LAKE STEVENS — A Bic pen and a prison sentence changed his life.
What’s up with that?
Gabriel Herrera, 40, is trying to make a name for himself as an artist using cheap blue pens.
He started drawing during his 10 years in the Monroe Correctional Complex on a felony conviction for first-degree robbery when he was 26.
“People got hurt and I paid the price for it,” he said of his crime. “I went there as a lost individual.”
Inside his 6-by-9-foot cell, he found purpose through a pen.
“I wanted the officers and inmates to know that I was something different. I wasn’t just a number,” he said.
He traded portraits and tattoo designs for coffee.
The blue-capped stick pens were easy to get in the pen.
“I couldn’t afford anything else,” he said. “I fell in love with the pen because it is so vibrant. You can shade, you can layer.”
Blue is his color of choice.
His artist statement reads: “A pen and paper presented the only window of opportunity where tangible beauty could potentially be conceived.”
It was a mental escape from being behind bars.
“It was my way of traveling,” he said.
Large detailed ink drawings of a piranha and other fish that he drew in prison hang on the wall of the Lake Stevens home he shares with Melody, a pen pal who became his wife, and their 10-month-old daughter, Journey.
“The reason there’s a lot of detail is I had nothing but time to sit there and grind on a drawing,” Herrera said. “I’m a Pisces, so I spent a lot of time doing fish.”
Another Monroe inmate, pen artist Hoyt Crace, became his mentor.
“Hoyt would say, ‘Look at how the sun is hitting the fence. Look at this tree,’” Herrera said. “He taught me how to shade with a ballpoint pen.”
Crace also discovered art while incarcerated. He now has a studio in Tacoma and sells his art nationwide.
“It was a great getaway. You could draw something you wanted to see,” Crace said.
Crace was sentenced to life as part of the three-strike law in Washington, but his conviction was overturned and he was released in 2016.
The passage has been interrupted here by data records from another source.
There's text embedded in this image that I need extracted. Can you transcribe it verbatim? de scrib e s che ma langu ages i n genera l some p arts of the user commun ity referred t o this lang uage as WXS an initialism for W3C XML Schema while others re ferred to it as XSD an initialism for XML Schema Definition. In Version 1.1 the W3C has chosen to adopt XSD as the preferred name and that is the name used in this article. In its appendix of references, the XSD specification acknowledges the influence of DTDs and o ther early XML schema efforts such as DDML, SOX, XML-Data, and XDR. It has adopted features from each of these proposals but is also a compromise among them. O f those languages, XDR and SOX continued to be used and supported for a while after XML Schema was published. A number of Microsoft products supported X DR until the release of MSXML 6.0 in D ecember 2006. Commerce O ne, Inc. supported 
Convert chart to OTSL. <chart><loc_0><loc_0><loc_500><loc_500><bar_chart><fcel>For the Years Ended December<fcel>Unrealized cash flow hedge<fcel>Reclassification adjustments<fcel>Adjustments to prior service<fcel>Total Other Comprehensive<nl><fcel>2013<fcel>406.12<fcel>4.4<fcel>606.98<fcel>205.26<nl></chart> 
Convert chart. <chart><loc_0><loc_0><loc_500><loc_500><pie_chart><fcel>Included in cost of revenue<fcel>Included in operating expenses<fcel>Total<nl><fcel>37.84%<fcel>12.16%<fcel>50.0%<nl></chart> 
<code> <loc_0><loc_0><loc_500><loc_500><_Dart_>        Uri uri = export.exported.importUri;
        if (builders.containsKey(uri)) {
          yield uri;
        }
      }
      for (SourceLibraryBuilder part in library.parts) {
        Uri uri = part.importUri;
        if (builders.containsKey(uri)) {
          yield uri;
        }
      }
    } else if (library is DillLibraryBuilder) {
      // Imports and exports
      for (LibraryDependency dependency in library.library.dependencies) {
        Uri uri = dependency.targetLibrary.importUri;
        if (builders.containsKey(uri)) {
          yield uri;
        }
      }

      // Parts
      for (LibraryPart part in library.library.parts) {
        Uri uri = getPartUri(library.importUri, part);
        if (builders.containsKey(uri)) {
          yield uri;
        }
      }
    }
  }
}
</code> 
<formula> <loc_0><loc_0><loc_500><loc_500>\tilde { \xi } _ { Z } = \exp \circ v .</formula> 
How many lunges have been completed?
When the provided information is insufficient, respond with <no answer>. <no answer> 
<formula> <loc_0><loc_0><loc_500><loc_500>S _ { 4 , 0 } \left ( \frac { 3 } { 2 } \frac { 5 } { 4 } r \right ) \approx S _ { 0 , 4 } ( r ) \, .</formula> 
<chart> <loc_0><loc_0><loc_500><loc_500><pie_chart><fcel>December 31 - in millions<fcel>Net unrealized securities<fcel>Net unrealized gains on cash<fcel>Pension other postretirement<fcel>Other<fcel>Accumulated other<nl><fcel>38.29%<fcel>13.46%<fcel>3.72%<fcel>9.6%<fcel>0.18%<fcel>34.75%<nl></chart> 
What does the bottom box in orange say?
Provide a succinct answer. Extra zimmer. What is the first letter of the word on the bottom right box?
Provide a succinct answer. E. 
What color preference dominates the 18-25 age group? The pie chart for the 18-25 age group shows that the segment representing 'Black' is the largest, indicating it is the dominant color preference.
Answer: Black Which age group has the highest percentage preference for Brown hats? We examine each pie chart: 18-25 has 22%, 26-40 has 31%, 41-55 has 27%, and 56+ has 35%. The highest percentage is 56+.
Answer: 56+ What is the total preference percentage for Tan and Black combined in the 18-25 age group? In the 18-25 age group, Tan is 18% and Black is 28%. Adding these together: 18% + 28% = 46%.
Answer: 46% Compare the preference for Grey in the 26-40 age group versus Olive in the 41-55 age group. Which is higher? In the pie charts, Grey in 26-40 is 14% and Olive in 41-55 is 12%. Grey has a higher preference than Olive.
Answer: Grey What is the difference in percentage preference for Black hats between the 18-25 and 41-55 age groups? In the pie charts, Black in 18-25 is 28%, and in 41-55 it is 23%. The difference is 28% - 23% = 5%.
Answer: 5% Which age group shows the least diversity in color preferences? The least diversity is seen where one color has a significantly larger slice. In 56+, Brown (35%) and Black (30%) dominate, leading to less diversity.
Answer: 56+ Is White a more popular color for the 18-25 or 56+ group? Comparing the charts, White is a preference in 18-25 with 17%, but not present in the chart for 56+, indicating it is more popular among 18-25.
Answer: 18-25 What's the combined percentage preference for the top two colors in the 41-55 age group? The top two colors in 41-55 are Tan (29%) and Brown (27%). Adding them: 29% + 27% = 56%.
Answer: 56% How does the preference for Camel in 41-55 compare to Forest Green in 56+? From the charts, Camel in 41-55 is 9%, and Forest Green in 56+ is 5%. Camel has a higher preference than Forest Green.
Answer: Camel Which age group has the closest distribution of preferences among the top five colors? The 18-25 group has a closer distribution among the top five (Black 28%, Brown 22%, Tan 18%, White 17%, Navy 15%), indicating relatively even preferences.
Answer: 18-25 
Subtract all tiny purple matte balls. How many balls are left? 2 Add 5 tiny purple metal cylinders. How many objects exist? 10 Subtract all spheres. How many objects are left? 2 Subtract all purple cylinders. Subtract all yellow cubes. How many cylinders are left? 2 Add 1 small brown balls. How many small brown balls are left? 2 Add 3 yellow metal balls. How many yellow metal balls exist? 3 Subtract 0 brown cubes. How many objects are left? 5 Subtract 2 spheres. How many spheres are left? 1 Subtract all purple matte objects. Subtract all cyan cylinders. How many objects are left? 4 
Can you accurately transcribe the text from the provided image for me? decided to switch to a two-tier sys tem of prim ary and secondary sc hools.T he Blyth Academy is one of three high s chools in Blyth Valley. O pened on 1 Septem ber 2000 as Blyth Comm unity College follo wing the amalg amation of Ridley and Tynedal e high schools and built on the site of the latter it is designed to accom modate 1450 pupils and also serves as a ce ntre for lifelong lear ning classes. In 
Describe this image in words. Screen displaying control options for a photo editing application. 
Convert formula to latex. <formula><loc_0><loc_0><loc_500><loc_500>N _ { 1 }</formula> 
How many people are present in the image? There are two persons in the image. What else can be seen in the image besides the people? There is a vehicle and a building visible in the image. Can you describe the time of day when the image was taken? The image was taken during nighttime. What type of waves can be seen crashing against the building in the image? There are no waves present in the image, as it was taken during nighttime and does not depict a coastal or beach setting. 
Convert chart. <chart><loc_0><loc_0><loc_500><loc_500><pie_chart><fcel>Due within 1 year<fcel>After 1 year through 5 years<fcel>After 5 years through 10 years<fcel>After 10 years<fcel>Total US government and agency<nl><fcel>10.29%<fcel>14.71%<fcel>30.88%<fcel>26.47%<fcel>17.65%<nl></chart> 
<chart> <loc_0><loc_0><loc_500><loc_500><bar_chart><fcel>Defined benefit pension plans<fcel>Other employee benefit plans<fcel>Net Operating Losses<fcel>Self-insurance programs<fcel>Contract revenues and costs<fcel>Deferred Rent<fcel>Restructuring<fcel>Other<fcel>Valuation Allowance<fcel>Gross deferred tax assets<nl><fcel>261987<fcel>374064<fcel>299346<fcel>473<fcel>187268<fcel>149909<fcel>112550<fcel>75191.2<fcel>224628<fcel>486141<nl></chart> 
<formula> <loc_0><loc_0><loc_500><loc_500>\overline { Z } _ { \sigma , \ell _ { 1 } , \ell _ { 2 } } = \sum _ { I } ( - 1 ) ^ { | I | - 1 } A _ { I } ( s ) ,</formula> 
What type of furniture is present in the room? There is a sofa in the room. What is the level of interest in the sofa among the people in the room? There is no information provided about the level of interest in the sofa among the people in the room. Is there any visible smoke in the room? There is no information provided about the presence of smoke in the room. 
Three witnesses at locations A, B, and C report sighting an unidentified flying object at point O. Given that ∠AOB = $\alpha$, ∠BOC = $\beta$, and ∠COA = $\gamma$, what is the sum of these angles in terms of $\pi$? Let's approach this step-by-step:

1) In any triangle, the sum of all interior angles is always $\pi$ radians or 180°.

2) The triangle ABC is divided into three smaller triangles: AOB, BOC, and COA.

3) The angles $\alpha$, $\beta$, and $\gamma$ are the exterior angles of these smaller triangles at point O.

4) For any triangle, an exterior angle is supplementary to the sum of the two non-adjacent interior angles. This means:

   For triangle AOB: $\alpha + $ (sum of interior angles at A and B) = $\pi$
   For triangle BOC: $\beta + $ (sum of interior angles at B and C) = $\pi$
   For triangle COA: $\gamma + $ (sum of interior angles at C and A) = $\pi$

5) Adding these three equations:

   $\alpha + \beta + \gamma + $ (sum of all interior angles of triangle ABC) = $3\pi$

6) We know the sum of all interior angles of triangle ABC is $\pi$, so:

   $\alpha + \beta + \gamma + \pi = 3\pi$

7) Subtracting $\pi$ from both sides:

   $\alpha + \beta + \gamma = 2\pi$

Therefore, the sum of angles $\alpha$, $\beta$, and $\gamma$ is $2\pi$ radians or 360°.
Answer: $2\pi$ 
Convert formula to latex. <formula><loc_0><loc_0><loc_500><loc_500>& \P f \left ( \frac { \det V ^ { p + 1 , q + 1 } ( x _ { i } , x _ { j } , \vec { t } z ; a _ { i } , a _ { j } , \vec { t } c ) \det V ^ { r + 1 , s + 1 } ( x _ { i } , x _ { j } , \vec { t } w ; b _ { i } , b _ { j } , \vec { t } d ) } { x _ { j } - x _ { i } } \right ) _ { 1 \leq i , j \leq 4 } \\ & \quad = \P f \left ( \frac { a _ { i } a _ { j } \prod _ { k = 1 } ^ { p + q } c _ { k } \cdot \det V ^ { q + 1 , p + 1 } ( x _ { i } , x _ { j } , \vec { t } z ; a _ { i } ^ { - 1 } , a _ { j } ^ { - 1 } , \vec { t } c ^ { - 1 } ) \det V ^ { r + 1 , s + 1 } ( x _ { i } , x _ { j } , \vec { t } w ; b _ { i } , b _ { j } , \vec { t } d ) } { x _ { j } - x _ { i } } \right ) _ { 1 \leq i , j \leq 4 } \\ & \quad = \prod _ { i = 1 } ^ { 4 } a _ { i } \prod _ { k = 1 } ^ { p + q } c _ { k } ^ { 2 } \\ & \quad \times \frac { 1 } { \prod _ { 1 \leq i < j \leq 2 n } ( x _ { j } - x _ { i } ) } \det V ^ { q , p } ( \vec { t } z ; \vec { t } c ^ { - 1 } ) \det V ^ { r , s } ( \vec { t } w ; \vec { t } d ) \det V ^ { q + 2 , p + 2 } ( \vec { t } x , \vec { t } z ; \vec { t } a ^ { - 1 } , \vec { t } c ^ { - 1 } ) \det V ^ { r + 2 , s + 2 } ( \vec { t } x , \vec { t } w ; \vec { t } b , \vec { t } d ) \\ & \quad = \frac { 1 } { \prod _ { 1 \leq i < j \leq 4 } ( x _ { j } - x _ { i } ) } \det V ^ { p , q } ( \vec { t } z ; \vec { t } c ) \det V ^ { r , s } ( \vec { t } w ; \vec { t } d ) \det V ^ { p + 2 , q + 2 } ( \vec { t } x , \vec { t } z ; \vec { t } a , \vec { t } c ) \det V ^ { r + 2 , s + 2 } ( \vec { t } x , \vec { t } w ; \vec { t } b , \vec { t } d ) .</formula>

“Gabriel came up with his own type of style,” Crace said. “It’s free flow with a purpose. A way of going about it that’s different, definitely.”
Bev Hardesty was Herrera’s mental health counselor at the end of his sentence in a minimum security unit at the Monroe complex.
“Art allows those behind walls and wire to express themselves in ways which can enrich and alter their lives,” Hardesty said by email. “Gabriel’s art is amazing and has a depth to it that most cannot master. When you gaze upon his art, venture a little closer, for in it you will discover a story.”
After he was released from Monroe three years ago, he changed his last name from Burns to Herrera, to honor the surname of his Colombian grandmother. She also dabbled in ballpoint drawings.
Herrera found work in the processing side of the cannabis industry. It led his way back into society.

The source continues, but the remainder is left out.